── Materials provided ──

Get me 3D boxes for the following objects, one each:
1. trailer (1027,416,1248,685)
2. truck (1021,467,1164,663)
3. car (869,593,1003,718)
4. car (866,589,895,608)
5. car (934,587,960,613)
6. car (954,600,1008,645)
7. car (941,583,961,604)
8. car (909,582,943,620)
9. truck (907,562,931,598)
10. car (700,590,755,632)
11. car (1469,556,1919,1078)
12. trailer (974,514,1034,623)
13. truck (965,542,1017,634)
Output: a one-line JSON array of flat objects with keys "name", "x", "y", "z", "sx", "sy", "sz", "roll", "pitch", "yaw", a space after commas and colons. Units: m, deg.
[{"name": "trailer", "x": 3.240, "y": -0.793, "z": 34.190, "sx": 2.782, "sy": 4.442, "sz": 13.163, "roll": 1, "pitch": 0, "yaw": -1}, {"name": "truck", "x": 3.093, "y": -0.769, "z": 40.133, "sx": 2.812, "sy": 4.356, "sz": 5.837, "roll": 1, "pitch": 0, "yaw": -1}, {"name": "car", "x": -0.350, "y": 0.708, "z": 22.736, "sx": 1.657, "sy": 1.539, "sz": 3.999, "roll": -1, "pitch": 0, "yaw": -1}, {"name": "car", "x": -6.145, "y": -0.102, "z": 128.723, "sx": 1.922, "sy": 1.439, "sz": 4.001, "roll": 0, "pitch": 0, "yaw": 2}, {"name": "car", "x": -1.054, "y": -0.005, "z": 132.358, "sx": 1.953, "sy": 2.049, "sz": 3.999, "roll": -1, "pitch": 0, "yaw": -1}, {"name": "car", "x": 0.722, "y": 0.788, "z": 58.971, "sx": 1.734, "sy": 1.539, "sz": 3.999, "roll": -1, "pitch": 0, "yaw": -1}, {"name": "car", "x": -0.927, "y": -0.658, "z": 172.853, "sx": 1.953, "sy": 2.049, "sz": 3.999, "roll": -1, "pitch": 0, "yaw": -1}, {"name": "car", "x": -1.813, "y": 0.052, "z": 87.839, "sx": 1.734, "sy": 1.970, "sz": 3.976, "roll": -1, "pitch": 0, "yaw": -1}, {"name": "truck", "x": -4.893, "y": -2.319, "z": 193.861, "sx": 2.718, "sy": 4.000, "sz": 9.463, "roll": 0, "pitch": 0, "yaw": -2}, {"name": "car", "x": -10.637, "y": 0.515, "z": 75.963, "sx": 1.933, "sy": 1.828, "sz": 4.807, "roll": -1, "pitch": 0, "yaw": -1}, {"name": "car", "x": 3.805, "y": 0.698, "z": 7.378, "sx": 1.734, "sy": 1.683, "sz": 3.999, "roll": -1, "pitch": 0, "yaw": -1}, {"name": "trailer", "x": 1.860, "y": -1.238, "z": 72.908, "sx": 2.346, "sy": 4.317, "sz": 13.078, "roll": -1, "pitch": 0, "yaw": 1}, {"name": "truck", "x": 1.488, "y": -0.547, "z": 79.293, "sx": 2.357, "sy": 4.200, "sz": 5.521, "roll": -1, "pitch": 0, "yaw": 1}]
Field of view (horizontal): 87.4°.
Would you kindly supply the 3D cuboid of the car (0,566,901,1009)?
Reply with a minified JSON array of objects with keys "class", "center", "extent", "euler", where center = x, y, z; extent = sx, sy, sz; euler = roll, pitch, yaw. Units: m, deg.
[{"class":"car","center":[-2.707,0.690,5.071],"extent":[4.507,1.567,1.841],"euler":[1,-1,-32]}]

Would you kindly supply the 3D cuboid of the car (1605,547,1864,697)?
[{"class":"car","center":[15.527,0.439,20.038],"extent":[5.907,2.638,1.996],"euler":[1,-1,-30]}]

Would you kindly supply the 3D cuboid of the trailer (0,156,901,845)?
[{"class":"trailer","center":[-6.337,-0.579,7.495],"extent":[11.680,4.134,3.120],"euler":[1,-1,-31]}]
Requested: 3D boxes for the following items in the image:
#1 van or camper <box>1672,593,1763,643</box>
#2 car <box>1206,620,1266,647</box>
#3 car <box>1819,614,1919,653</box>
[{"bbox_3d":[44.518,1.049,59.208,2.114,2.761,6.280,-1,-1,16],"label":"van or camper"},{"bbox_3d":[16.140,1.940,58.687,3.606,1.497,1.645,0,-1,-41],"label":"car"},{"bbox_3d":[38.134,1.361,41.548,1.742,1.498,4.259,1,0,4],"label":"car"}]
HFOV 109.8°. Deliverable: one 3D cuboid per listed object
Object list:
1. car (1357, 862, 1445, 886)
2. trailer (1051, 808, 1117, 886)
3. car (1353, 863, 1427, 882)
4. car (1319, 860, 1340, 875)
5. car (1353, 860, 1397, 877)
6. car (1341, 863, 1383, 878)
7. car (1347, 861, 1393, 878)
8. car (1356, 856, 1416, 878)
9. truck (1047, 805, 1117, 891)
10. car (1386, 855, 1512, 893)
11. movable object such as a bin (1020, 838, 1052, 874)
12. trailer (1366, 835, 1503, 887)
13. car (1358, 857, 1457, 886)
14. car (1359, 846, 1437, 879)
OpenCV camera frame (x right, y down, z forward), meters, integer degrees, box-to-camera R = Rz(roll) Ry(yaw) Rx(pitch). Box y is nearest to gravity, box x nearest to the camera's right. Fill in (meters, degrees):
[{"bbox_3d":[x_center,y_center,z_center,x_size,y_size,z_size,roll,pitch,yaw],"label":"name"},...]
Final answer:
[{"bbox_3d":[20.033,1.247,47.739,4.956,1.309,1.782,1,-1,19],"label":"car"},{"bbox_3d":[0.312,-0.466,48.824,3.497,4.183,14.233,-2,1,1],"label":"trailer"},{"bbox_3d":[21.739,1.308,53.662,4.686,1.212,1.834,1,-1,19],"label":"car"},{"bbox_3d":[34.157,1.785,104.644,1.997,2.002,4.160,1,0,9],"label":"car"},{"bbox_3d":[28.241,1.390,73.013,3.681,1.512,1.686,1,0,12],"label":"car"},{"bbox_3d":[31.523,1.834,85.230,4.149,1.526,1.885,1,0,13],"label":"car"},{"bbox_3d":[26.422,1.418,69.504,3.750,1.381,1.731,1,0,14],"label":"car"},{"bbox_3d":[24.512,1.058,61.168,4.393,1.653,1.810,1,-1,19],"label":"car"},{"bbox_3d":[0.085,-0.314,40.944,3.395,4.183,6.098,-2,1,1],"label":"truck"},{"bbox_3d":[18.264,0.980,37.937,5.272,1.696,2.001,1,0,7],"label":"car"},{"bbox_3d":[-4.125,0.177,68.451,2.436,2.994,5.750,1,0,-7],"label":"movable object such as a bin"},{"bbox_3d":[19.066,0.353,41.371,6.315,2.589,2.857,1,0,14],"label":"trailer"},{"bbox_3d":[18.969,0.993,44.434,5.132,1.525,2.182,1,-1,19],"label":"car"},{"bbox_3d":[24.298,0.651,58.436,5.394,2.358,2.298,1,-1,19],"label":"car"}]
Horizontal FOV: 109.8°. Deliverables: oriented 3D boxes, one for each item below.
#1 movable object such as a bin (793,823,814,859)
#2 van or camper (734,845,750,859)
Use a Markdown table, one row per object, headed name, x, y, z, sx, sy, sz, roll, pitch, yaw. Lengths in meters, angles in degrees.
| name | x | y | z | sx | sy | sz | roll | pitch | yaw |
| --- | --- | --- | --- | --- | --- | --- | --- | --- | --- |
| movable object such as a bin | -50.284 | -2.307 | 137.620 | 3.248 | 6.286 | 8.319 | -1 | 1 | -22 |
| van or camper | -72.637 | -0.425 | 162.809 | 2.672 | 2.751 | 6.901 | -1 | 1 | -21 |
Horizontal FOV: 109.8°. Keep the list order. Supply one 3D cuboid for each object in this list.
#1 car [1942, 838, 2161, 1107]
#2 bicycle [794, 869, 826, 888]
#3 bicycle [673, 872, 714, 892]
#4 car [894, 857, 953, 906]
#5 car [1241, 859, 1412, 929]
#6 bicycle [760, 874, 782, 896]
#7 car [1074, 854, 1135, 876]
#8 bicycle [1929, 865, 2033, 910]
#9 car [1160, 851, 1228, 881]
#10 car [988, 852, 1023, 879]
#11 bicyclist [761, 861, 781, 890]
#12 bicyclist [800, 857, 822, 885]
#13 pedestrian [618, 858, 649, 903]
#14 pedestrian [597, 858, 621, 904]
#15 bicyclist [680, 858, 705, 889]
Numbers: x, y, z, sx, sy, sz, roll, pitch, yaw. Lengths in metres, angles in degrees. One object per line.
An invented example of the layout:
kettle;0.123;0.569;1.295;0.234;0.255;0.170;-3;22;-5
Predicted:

───

■ **Exercise**: Could you restate word for word the lines above from the one containing "Horizontal FOV: 109.8°. Keep" through the one containing "#8 bicycle [1929, 865, 2033, 910]", both included, and nothing else?

■ **Response to this exercise**:
Horizontal FOV: 109.8°. Keep the list order. Supply one 3D cuboid for each object in this list.
#1 car [1942, 838, 2161, 1107]
#2 bicycle [794, 869, 826, 888]
#3 bicycle [673, 872, 714, 892]
#4 car [894, 857, 953, 906]
#5 car [1241, 859, 1412, 929]
#6 bicycle [760, 874, 782, 896]
#7 car [1074, 854, 1135, 876]
#8 bicycle [1929, 865, 2033, 910]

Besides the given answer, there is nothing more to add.